Thanks Mark, I have wasted some more time on the issue and concluded you are absolutely correct. But this retrospective change is interesting AFCA are currently having problems with it as shown by case 526729. "The lack of primary records provided by the complainant or the financial firm from 2004 has limited the financial firm’s ability to conduct a full and fair review of the advice. " This case was released in May 2019 so it is relatively recent. I am interested in what people think of the implications of this.

Hi RobinBris. Thanks for your feedback, and your reference to the recent AFCA determination. Regrettably, it is not AFCA that is having problems (or will have problems) with the issue of record keeping and legacy complaints, but as usual the poor beleaguered AFS licensee. I note that while AFCA was good enough to comment on the problem for AFS licensees in Case 526729, AFCA saw absolutely no bar to making an award against the AFS licensee. I fear that in future this will also likely be the 'play book' going forward. Expression of concern while 'belting' the licensees with awards against the licensees.

I must say that I am surprised at what appears to have been the approach by the licensee in case 526729. The claim appears to have been outside the limitation period at the time it was raised with FOS (in 2017) yet the licensee did not seek to have the matter dismissed due to the expiry of the limitation period. There was no suggestion at that time in 2017 of the coming "retrospective" approach that would be adopted by AFCA in 2019 - so no reason for the licensee not to seek to have the matter thrown out.

Unfortunately, most licensees handle FOS (now AFCA) matters very poorly - and it costs them both in time and money.
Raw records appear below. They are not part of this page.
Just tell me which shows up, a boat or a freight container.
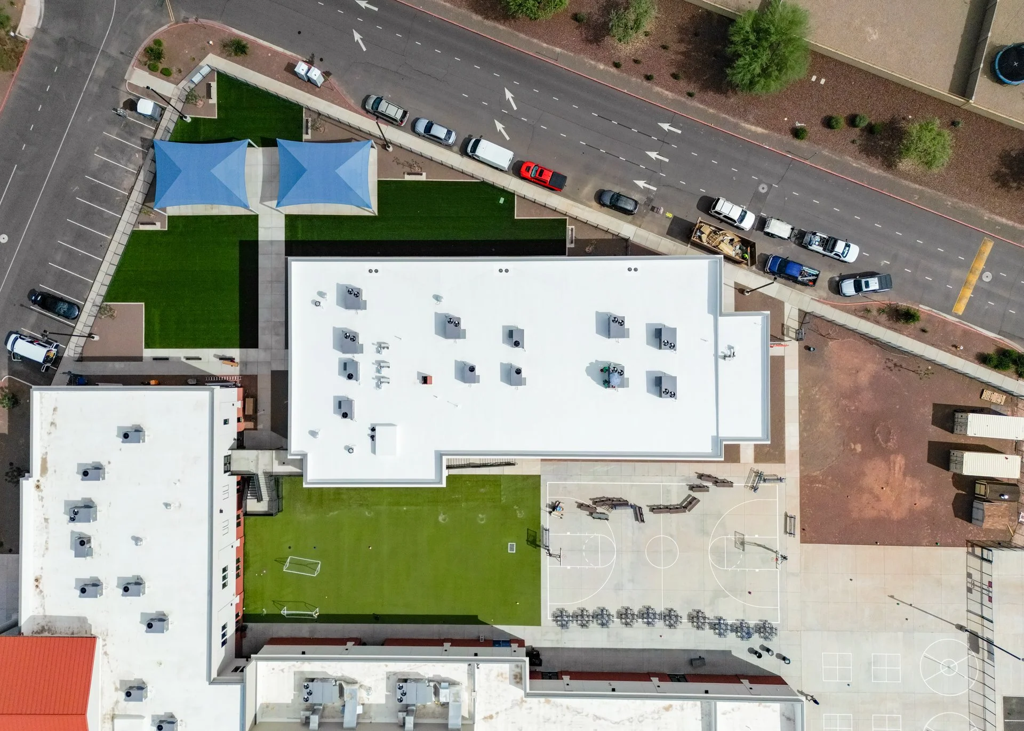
freight container
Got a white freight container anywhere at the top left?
No
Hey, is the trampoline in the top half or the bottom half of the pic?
top
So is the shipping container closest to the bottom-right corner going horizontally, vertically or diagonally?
horizontally
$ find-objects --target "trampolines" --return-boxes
[992,42,1024,87]
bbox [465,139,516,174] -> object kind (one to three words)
van
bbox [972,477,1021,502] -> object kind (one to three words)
shed
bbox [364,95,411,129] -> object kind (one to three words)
car
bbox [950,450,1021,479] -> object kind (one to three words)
shipping container
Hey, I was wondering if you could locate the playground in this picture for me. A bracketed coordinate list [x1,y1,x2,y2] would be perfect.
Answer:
[801,543,1024,731]
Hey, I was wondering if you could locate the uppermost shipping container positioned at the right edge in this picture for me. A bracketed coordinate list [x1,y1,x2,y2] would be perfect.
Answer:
[954,413,1024,440]
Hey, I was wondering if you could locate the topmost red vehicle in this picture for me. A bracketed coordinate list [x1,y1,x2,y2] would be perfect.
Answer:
[518,162,568,194]
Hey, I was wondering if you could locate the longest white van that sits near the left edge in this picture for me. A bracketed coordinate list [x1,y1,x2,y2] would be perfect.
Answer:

As an aside, I am interested to see the depth into which you have delved on this matter. No, I do not think you have wasted time. This will likely be one of the key issues for the industry this financial year, and I think it is likely that claims of this nature may actually send some licensees into insolvency. I would be keen to keep in touch with you on these type of issues. If you are interested in keeping in touch you should feel free to contact me on my personal email: [email protected]

Best wishes

Mark

they only have themselves to blame !!

Who is to blame John Phillips ?
Please identify who exactly is to blame ?

Do gooders always have someone to blame!! They couldn’t complain if they didn’t, it’s their life blood!!